Regulators began taking a serious look at utility hedging after a series of particularly severe natural gas price spikes. Prices went to a then-record of $10 per million British thermal units (MMBtu) in late 2000 and again in 2003, then ran up to an all-time high of $15/MMBtu in 2005 after Hurricane Katrina, and spiked again at more than $13 in 2008.
Colorado Public Utilities Commissioner Matt Baker said the agency looks at risk aversion starting with the planning process. “We’re trying to get utilities to create enough fuel diversity between coal, gas, wind, and energy efficiency and demand response, so that consumers have protection if one commodity gets out of line. On the gas side, we’ve encouraged our utilities to enter into long-term, fixed-price physical contracts.”

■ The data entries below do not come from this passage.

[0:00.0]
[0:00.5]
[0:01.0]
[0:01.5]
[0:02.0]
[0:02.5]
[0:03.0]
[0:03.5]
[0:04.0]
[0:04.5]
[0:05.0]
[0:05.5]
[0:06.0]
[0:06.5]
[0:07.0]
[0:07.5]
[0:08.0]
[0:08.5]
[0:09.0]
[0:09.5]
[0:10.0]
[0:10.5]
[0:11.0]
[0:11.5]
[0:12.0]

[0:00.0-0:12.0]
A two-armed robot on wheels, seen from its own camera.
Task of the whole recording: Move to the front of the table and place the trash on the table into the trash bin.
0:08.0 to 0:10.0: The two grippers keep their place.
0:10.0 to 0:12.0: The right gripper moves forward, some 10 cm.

He noted that one utility recently signed a 10-year contract pegged at $5.15/MMBtu. “We looked at how much we were spending on hedges and what the value of that was. What we’re trying to do is purchase some stability. There’s probably a little bit of a premium on it, but over the 10-year life span, we think this will be in the best interest of the ratepayers, even though gas is $2.50 now.”

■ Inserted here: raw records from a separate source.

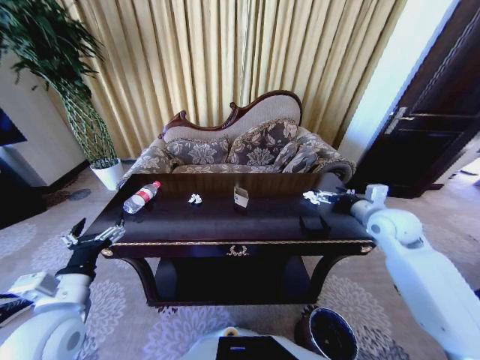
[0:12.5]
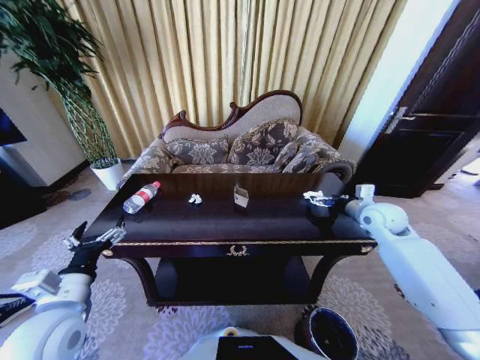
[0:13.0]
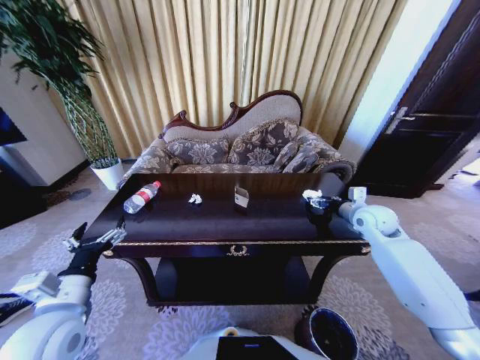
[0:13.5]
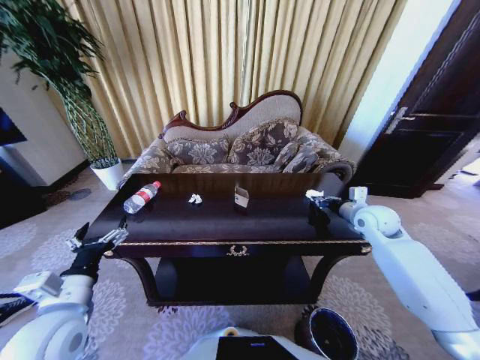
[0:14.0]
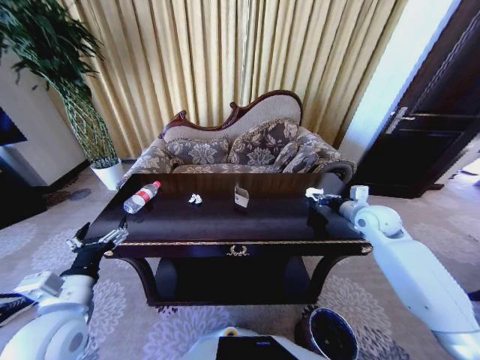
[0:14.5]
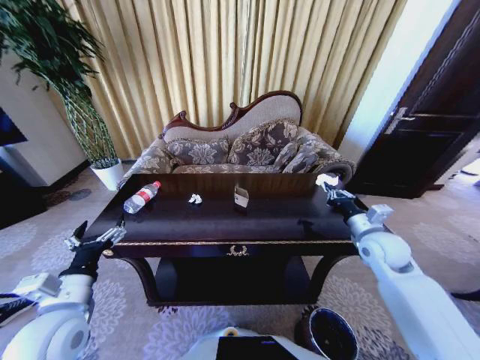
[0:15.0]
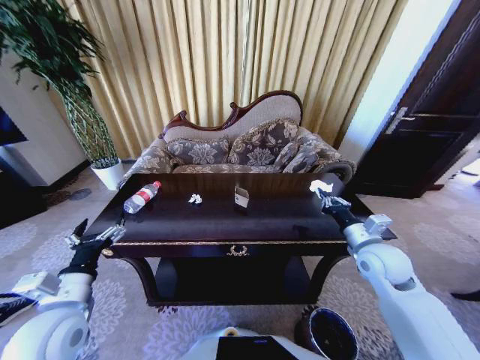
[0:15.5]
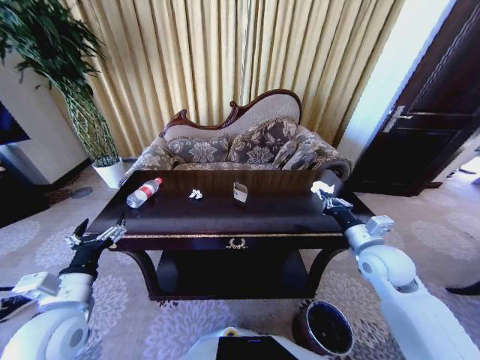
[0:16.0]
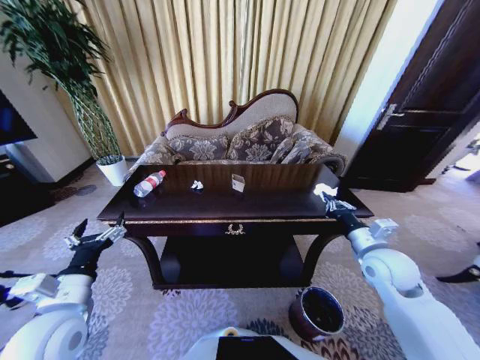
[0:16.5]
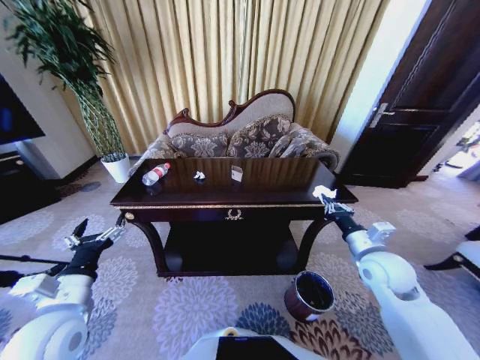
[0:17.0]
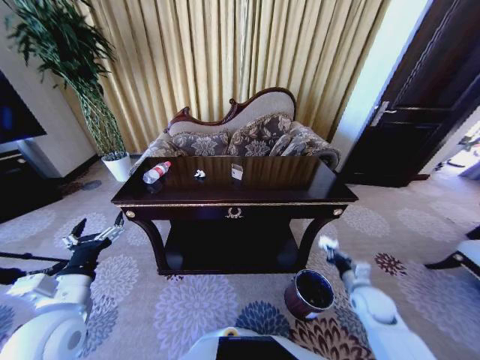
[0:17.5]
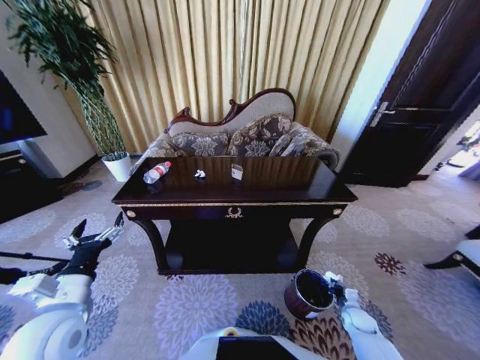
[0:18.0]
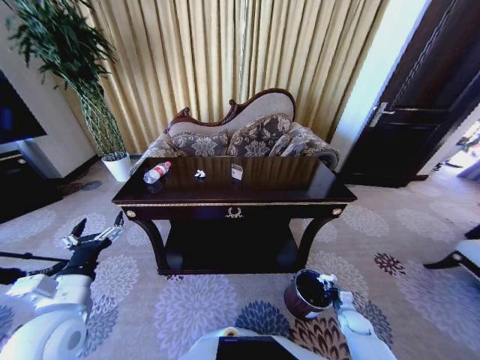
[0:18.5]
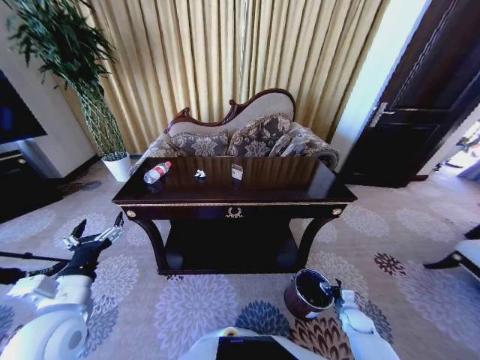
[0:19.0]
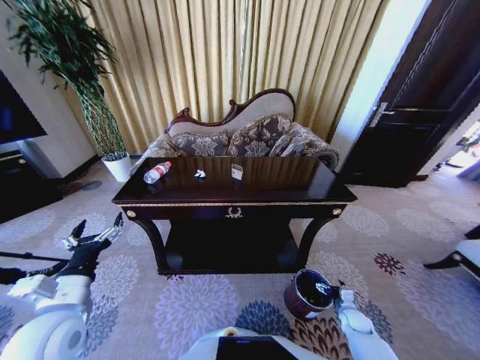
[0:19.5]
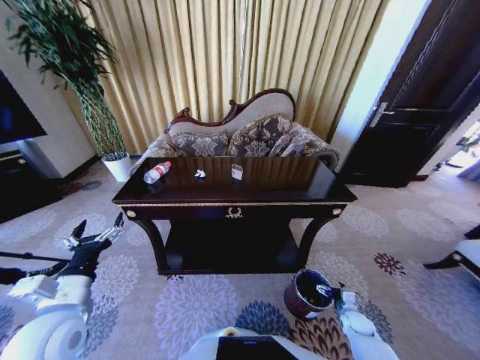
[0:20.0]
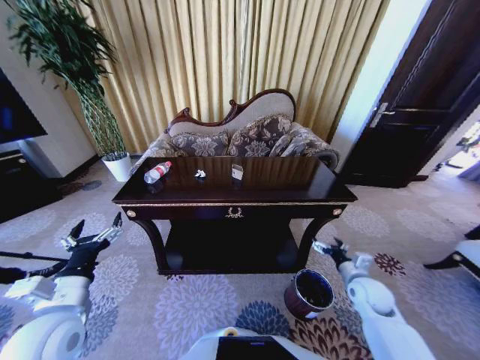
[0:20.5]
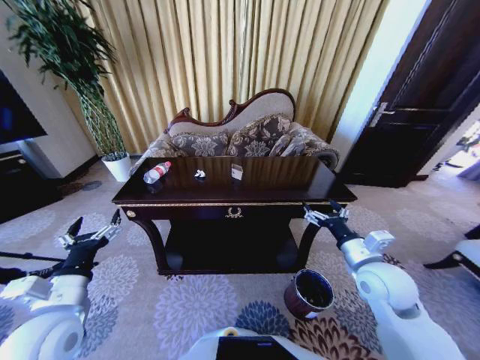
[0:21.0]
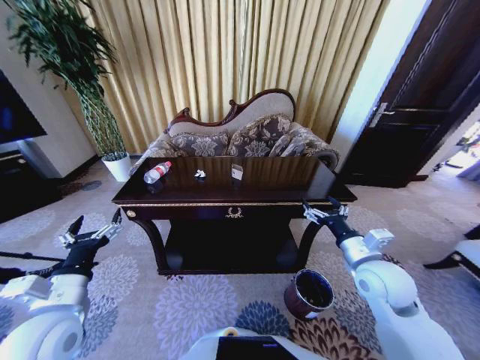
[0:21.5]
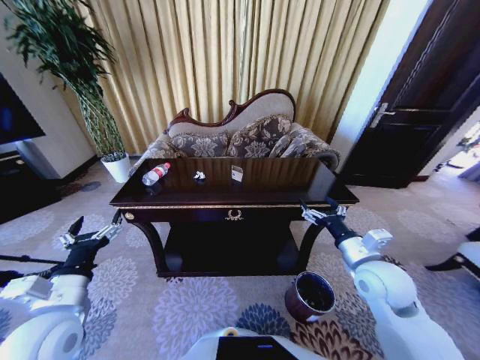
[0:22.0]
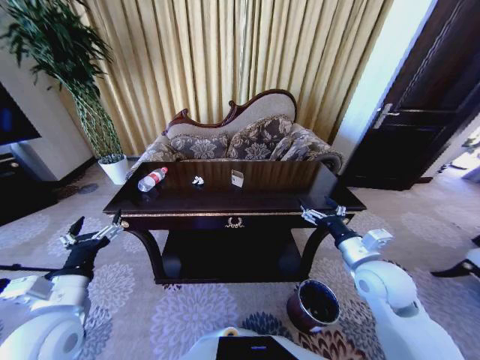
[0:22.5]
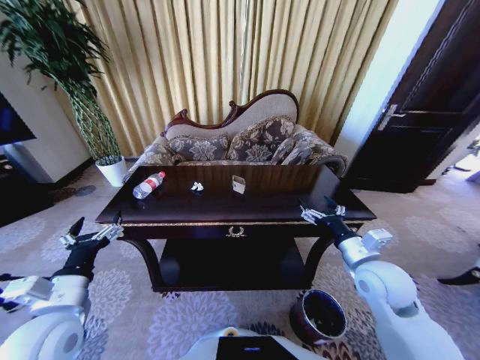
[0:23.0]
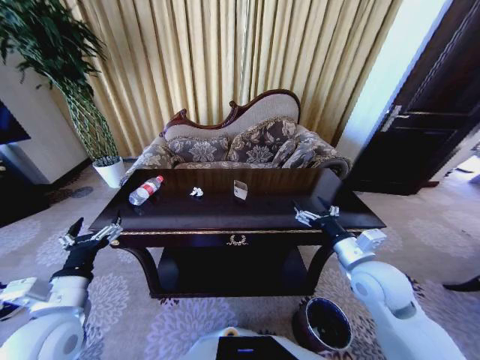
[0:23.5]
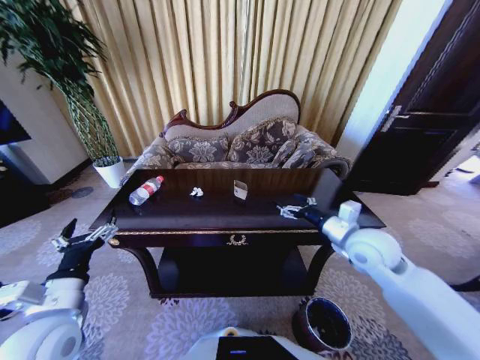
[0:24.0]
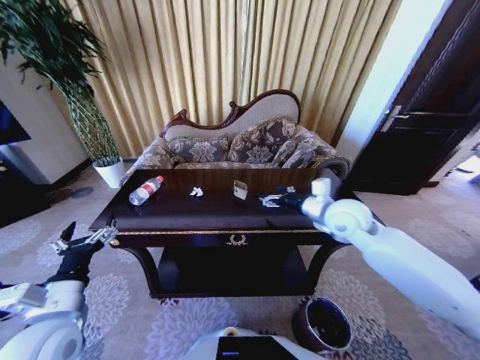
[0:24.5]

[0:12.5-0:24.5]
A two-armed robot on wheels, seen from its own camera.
Task of the whole recording: Move to the front of the table and place the trash on the table into the trash bin.
0:12.5 to 0:14.5: The right gripper moves roughly 5 cm, and closes up.
0:14.5 to 0:16.5: The right gripper moves backward, some 15 cm.
0:16.5 to 0:18.5: The right gripper moves downward, some 35 cm.
0:18.5 to 0:20.5: The right gripper goes about 20 cm upward, and opens up.
0:20.5 to 0:22.5: The right gripper heads upward and to the left, covering about 15 cm.
0:22.5 to 0:24.5: The right gripper shifts roughly 15 cm forward, upward and to the left.

The local distribution gas utilities are also encouraged to use financial instruments to hedge their supplies, he said.
Baker said the commission encourages gas and electric providers to look at all available tools. “We need to make sure that we have stable prices.”
Unbundled Markets
In Texas, the power markets were unbundled – that is, the generation and distribution functions were separated into distinct businesses – about 10 years ago. This has resulted in very robust wholesale and retail markets with about 50 or 60 retail electric providers, said Texas Public Utilities Commissioner Ken Anderson.
“The design of the market is such that it strongly encourages generators and load-serving entities to hedge their risk,” Anderson said. “If a market participant goes unhedged in some way, they’re taking a big, big risk.”
More than 90 percent of the power in the Electric Reliability Council of Texas (ERCOT) is sold in one-on-one cash market transactions between a generator and a retail provider, supported by over-the-counter contracts for hedging purposes. For example, Anderson said, a generator will enter into a one-year contract to sell power to a retailer. That contract sets the price. The retail provider then will enter into a contract as a hedge against volatile pricing in the real-time or day-ahead market, since many retail customers will sign up for fixed-rate contracts, he said.
“The only way that the retail provider can offer that fixed price is to enter into a contract with a generator,” Anderson said. “If the retailer runs the risk of just buying in the real-time market, the company can get upside down real quick.”
He pointed out that late in the winter of 2011-2012, electricity prices ranged from around $19 to $29/megawatt hour. “Over the summer, there were prolonged hours where prices were $3,000/MWh. It doesn’t take very many hours at $3,000 to put a retail provider out of business,” Anderson said.